La  competencia  para  disponer  ahora  las  compulsas  estriba,  si el recurrente se sustrae a suministrar su valor, en esta  superioridad  igualmente es dable inadmitir el recurso en cuestión, entre otros  eventos,  “(…)  cuando  no  se hayan expedido las  copias   en   el   término  a  que  se  refiere  el  artículo  371”.      
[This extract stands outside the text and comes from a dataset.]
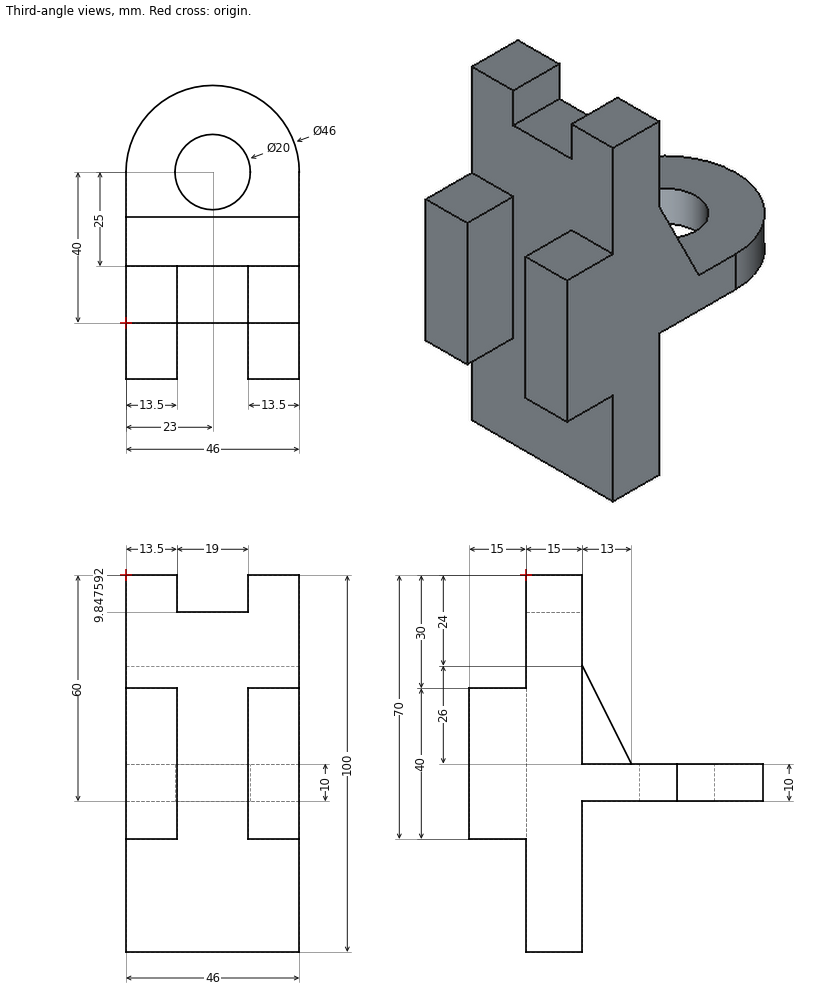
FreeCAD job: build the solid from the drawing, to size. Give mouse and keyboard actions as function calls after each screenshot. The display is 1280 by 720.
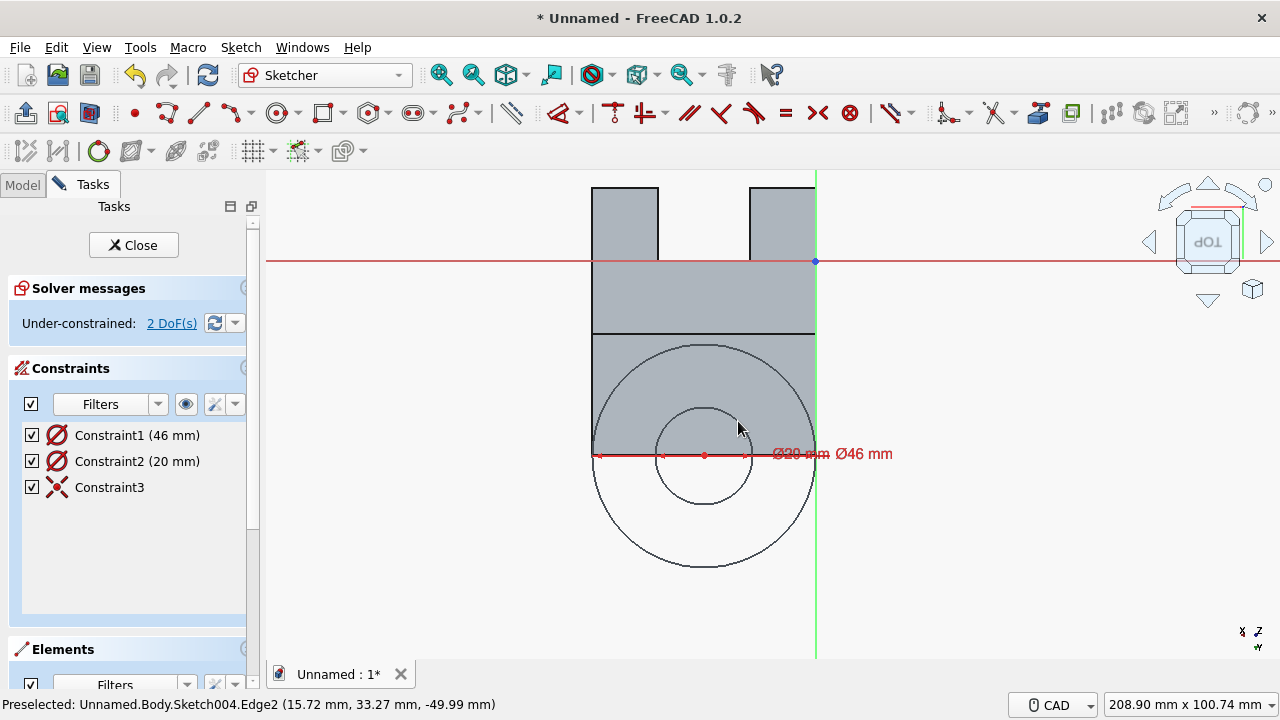
click(558, 114)

1.6. En ese orden de ideas, se procederá de  conformidad.   

2. DECISIÓN  

En  mérito  de  lo  considerado,  la  Corte  Suprema  de  Justicia,  Sala  de  Casación  Civil, ordena a la parte recurrente  suministrar,  en el término de tres días contados a partir de la ejecutoria de  esta  providencia,  lo necesario a efectos de expedir copia de la demanda, de su  contestación,  de  las  sentencias  de  instancia  y  de  este  auto,  para  la  ejecución  de  la  sentencia  ante  el juzgado, so pena de declarar desierto el  recurso interpuesto.   

NOTIFÍQUESE  

LUIS ARMANDO TOLOSA VILLABONA  

Magistrado  

    

1 CSJ.  Civil. Auto 125 de 18 de junio de 2008, expediente 2004-00205.   

2 CSJ.  Civil.  Autos 081 de 3 de mayo de 2002, expediente 0491, 176 de 17 de septiembre  de  2008,  expediente  00014,  de  4  mayo  de  2009,  expediente  00244 y 16 de  septiembre de 2013, expediente 00071.   

3 CSJ.  Civil.  Auto  017 de 19 de enero de 2005, expediente 00417, reiterado en auto de  21 de agosto de 2008, expediente 08781.   

4 CSJ:  Civil,  Auto  de  5  de  abril  de  2011,  expediente  00385, con cita de varios  precedentes.